Oregon quarterback Marcus Mariota's receiving options will be limited in Monday night's national championship against Ohio State. That's been a short-handed group all year. However, the latest attrition to the Ducks' wide receiver unit isn't because of injury or bad luck.

According to Aaron Fentress of, second-leading receiver Darren Carrington failed an NCAA-administered drug test for marijuana and did not travel to Arlington for the title game. Pete Thamel of Sports Illustrated later reported that running back Ayele Forde will also miss the game because of a failed drug test for marijuana.

The Ducks will already be without Devon Allen, who led the team with seven receiving touchdowns, because of a knee injury.

"Darren's my friend," said Allen to Pat Forde of Yahoo Sports. "I love that guy and it sucks that he can't play and the NCAA made an example out of him."

There's no debate that Carrington and Forde are in the wrong, even though Oregon, along with Alaska, is set to legalize marijuana for recreational use by this year. (Recreational use is already legal in Colorado and Washington.) They used it and got busted for it. As a result, they won't be able to help their team. That part is as black and white as it gets.

Where things get cloudier, so to speak, is whether the NCAA should re-examine its testing policy. (Additionally, each school has its own drug policy; Oregon specifically has a four-strike policy.) The NCAA's threshold for a positive marijuana test is five nanograms of THC, the primary ingredient in marijuana, an NCAA spokesperson told Thamel. That's far lower than the NFL and MLB:

The easiest way to quantify how strict the NCAA's threshold is: Compare it to the threshold from other sports. The NFL increased its minimum threshold from 15 nanograms to 35 in September. The MLB's minimum is 50 nanograms, the same level as airline pilots. The World Anti-Doping Agency set its minimum at 150 nanograms, a level at which an expert contacted by USA Today was quoted as saying, "[one has to be a] pretty dedicated cannabis consumer" to test positive.

Is the NCAA being too strict when it comes to pot? Comparing it side-by-side to other major sports, amateur or professional, would indicate that it is. Easing up on the THC threshold for future tests feels like a logical next step.

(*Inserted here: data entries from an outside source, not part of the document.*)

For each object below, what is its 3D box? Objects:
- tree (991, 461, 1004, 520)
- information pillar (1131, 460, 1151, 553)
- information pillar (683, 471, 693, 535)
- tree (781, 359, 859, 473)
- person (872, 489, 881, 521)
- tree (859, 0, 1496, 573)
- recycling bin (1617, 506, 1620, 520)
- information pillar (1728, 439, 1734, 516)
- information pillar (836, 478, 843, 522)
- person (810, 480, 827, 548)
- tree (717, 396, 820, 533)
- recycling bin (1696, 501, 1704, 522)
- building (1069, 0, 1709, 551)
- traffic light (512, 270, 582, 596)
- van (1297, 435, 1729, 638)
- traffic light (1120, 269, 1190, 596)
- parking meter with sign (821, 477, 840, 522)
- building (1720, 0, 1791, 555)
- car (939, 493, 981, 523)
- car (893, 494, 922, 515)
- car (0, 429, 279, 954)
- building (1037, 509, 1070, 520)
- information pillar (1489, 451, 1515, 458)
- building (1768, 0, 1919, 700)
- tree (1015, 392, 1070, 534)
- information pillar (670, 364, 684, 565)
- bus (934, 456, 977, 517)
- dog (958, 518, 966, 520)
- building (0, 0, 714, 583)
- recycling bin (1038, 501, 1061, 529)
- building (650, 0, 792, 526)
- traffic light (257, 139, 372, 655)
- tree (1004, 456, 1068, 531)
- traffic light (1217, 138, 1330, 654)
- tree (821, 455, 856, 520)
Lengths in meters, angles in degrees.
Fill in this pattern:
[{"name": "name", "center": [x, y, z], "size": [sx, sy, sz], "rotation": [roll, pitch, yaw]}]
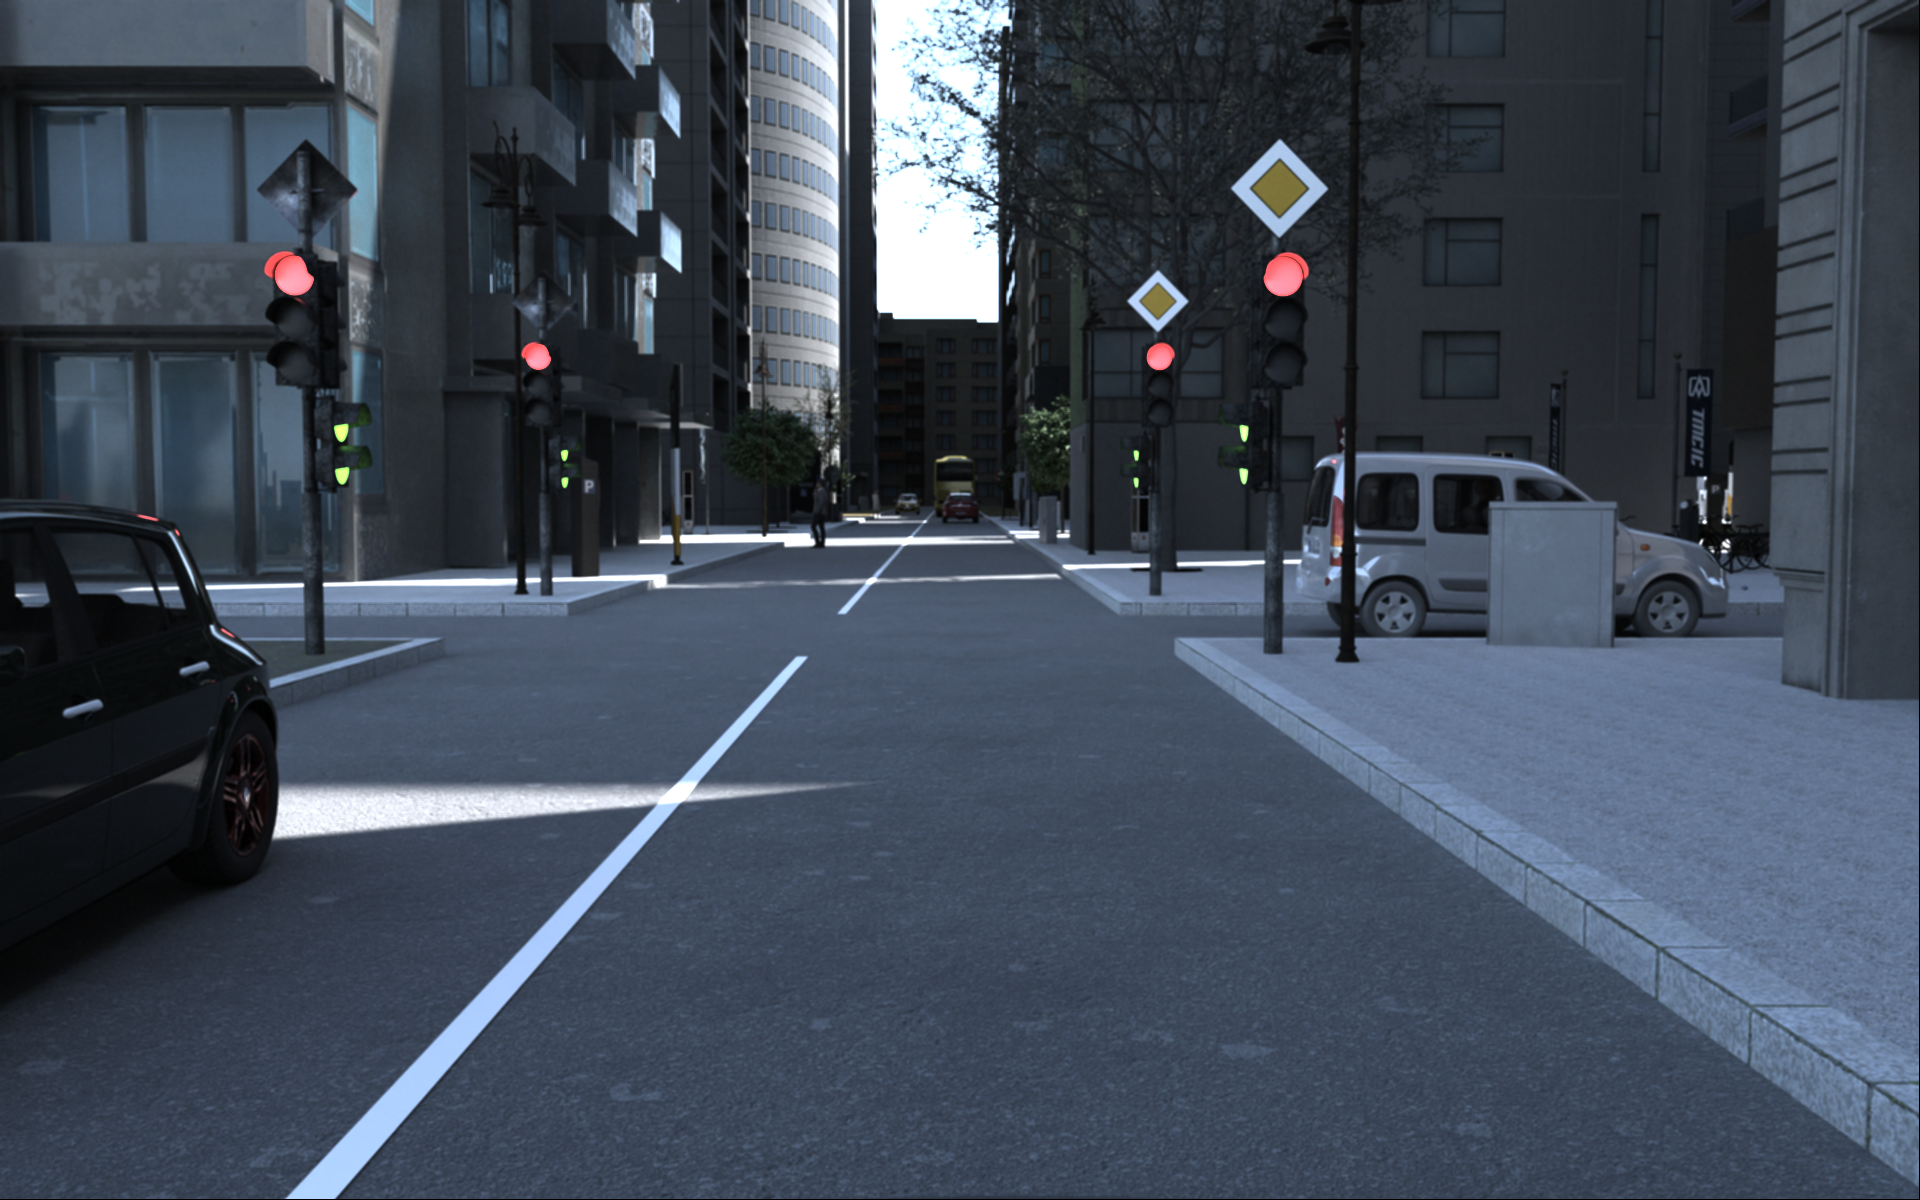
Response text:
[{"name": "tree", "center": [2.379, -5.633, 86.707], "size": [1.663, 3.219, 1.824], "rotation": [0, 3, 0]}, {"name": "information pillar", "center": [3.917, -2.022, 37.546], "size": [0.304, 2.012, 0.304], "rotation": [-1, 4, -23]}, {"name": "information pillar", "center": [-8.620, -3.083, 54.905], "size": [0.304, 2.012, 0.304], "rotation": [-1, 4, -9]}, {"name": "tree", "center": [-7.373, -8.796, 94.177], "size": [4.360, 8.622, 3.978], "rotation": [0, 3, 0]}, {"name": "person", "center": [-4.525, -5.156, 93.555], "size": [0.466, 1.731, 0.760], "rotation": [0, 4, 6]}, {"name": "tree", "center": [3.498, -7.209, 28.243], "size": [12.009, 13.543, 11.850], "rotation": [0, 3, 0]}, {"name": "recycling bin", "center": [34.224, -4.694, 89.305], "size": [0.722, 1.027, 0.722], "rotation": [1, 4, 12]}, {"name": "information pillar", "center": [29.590, -4.577, 66.195], "size": [0.183, 3.616, 0.504], "rotation": [-1, 4, -20]}, {"name": "information pillar", "center": [-5.591, -4.633, 80.248], "size": [0.304, 2.012, 0.304], "rotation": [0, 4, -1]}, {"name": "person", "center": [-3.770, -2.292, 46.150], "size": [0.473, 1.802, 0.592], "rotation": [1, 4, 22]}, {"name": "tree", "center": [-6.485, -4.559, 58.254], "size": [4.285, 4.588, 4.351], "rotation": [0, 3, 0]}, {"name": "recycling bin", "center": [27.158, -3.177, 64.500], "size": [0.722, 1.027, 0.722], "rotation": [-2, 4, -28]}, {"name": "building", "center": [9.808, -22.091, 44.781], "size": [14.154, 41.232, 14.086], "rotation": [0, 4, 0]}, {"name": "traffic light", "center": [-5.204, -2.009, 21.760], "size": [0.839, 4.253, 0.868], "rotation": [0, 4, 0]}, {"name": "van", "center": [5.510, -0.633, 17.367], "size": [4.112, 2.044, 2.013], "rotation": [0, 4, -1]}, {"name": "traffic light", "center": [2.457, -2.012, 21.820], "size": [0.839, 4.253, 0.868], "rotation": [0, 4, 0]}, {"name": "parking meter with sign", "center": [-6.339, -5.064, 79.051], "size": [1.738, 3.016, 0.543], "rotation": [1, 4, 15]}, {"name": "building", "center": [23.674, -23.211, 29.616], "size": [14.200, 45.320, 14.600], "rotation": [0, 4, 0]}, {"name": "car", "center": [0.007, -4.750, 86.705], "size": [2.155, 1.783, 4.494], "rotation": [0, 4, -1]}, {"name": "car", "center": [-3.675, -6.829, 121.872], "size": [2.015, 1.641, 3.980], "rotation": [0, 4, -1]}, {"name": "car", "center": [-3.435, 0.293, 5.000], "size": [2.009, 1.686, 4.222], "rotation": [0, 4, -1]}, {"name": "building", "center": [14.906, -46.916, 79.752], "size": [22.319, 86.520, 31.000], "rotation": [0, 4, 0]}, {"name": "information pillar", "center": [9.291, -1.545, 29.752], "size": [0.304, 2.012, 0.304], "rotation": [-2, 4, -35]}, {"name": "building", "center": [10.564, -10.102, 1.332], "size": [11.583, 22.565, 21.152], "rotation": [0, 4, 0]}, {"name": "tree", "center": [3.400, -4.435, 56.233], "size": [4.285, 4.588, 4.351], "rotation": [0, 3, 0]}, {"name": "information pillar", "center": [-5.165, -2.451, 31.429], "size": [0.183, 3.616, 0.504], "rotation": [-1, 4, -19]}, {"name": "bus", "center": [-0.298, -7.336, 111.494], "size": [2.896, 3.916, 12.252], "rotation": [0, 4, 0]}, {"name": "dog", "center": [0.130, -4.638, 96.030], "size": [0.550, 0.427, 0.748], "rotation": [1, 4, 9]}, {"name": "building", "center": [-18.364, -25.480, 36.214], "size": [23.786, 49.044, 30.456], "rotation": [0, 4, 0]}, {"name": "recycling bin", "center": [3.251, -3.082, 62.938], "size": [0.722, 1.027, 0.722], "rotation": [1, 4, 11]}, {"name": "building", "center": [-18.134, -39.148, 78.322], "size": [20.563, 71.187, 20.611], "rotation": [0, 4, 0]}, {"name": "traffic light", "center": [-5.158, -1.520, 13.775], "size": [0.839, 4.253, 0.868], "rotation": [0, 4, 0]}, {"name": "tree", "center": [2.851, -4.036, 60.590], "size": [1.663, 3.219, 1.824], "rotation": [0, 3, 0]}, {"name": "traffic light", "center": [2.503, -1.524, 13.835], "size": [0.839, 4.253, 0.868], "rotation": [0, 4, 0]}, {"name": "tree", "center": [-6.247, -5.636, 86.745], "size": [1.663, 3.219, 1.824], "rotation": [0, 3, 0]}]

The question is how long will it take for the NCAA's stance on the matter to catch up with much of society's stance.

How marijuana is viewed is changing, both nationally and within the scope of college athletics. Specifically, it's not tied to enhancing on-field performance. If it doesn't affect the game in the way performance-enhancing drugs do, there's not a lot of incentive to care what someone does in their spare time.

In that way, marijuana use is joining the ranks of underage drinking and even impermissible benefits on the scale of "illegal" activity.

There are roadblocks for actual change, however. NCAA legislation, even with upcoming voting autonomy for Power Five conferences, can take eons to pass, if it passes at all. Given that this would be a push to liberalize punishment for recreational drug use, widespread support from admins could be hard to garner.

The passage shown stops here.